What you will do
From the first line to the last, set down the material exactly and drop every picture.

Material for this task
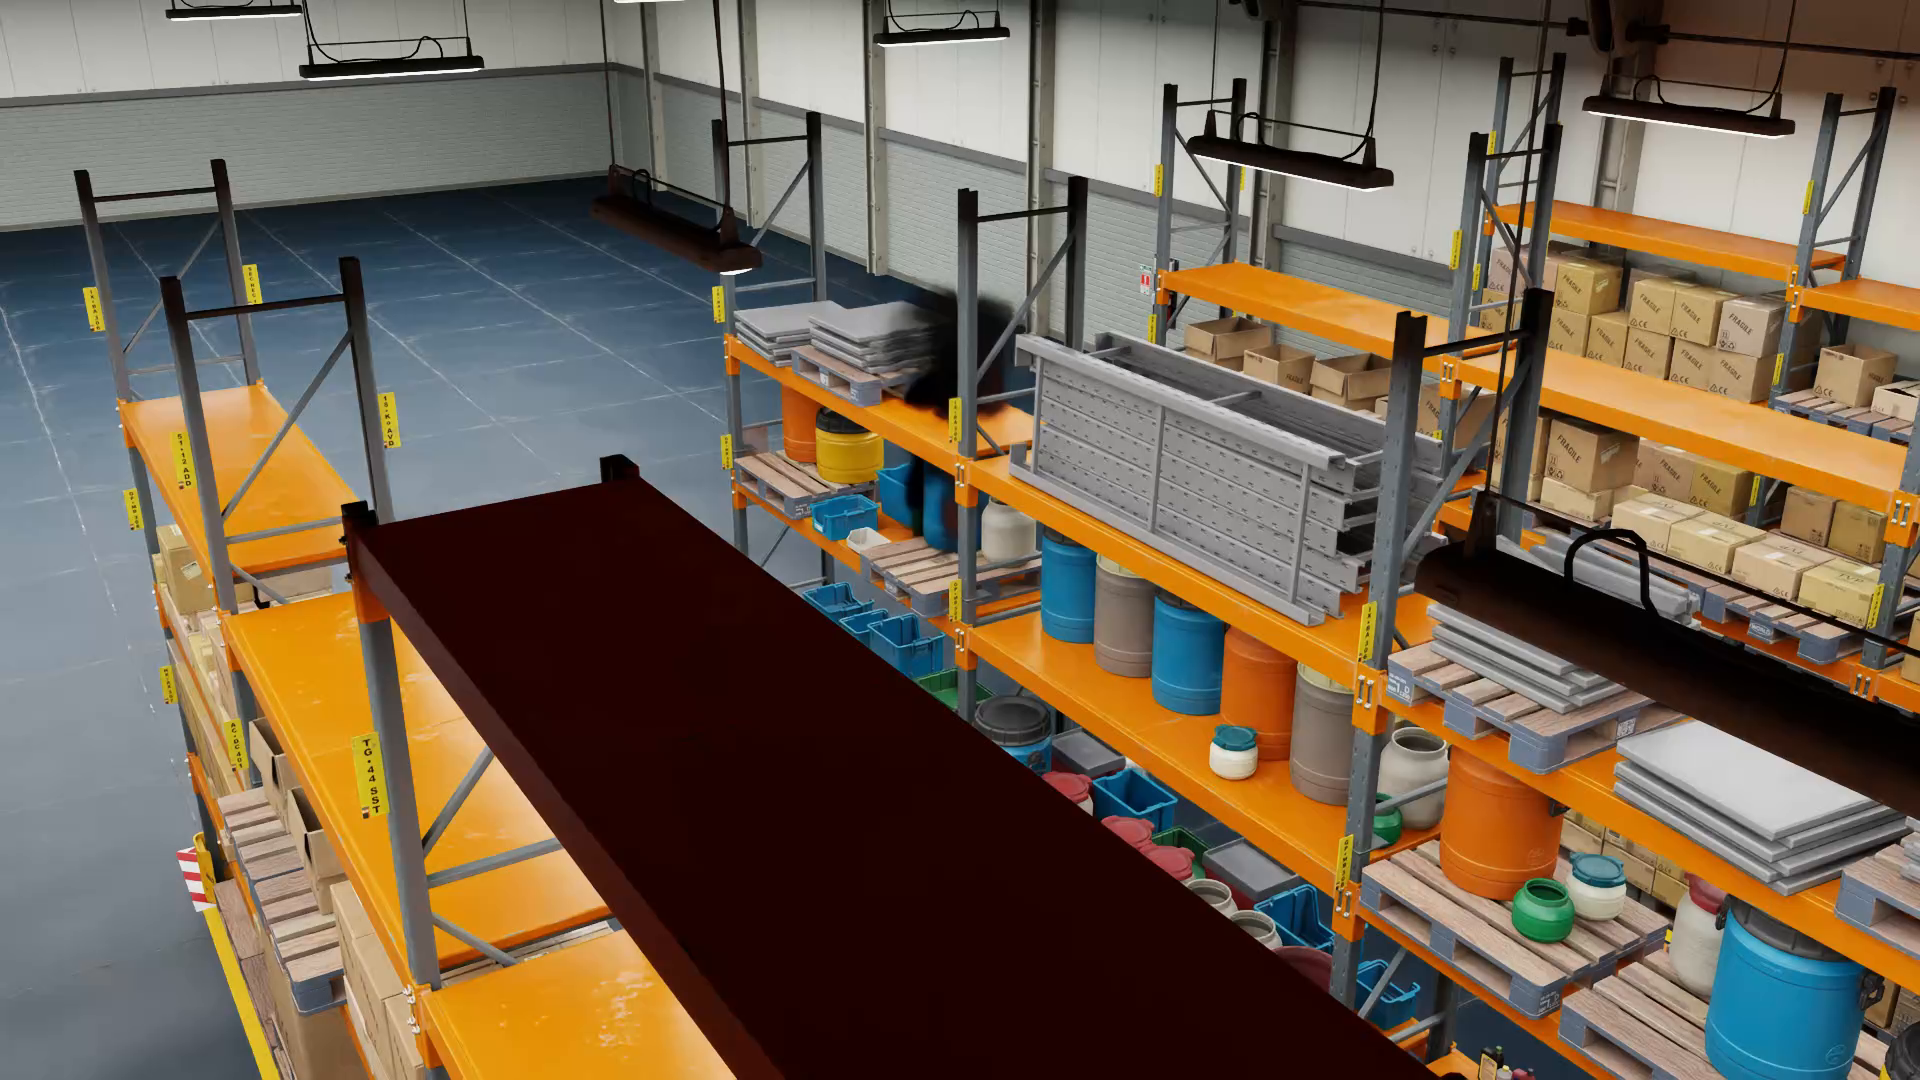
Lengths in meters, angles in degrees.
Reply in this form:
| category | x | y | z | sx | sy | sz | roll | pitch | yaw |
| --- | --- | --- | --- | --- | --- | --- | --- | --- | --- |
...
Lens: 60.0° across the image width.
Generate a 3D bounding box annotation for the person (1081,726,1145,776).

Written solution
Lengths in meters, angles in degrees.
Reply in this form:
| category | x | y | z | sx | sy | sz | roll | pitch | yaw |
| --- | --- | --- | --- | --- | --- | --- | --- | --- | --- |
...
Lens: 60.0° across the image width.
Generate a 3D bounding box annotation for the person (1081,726,1145,776).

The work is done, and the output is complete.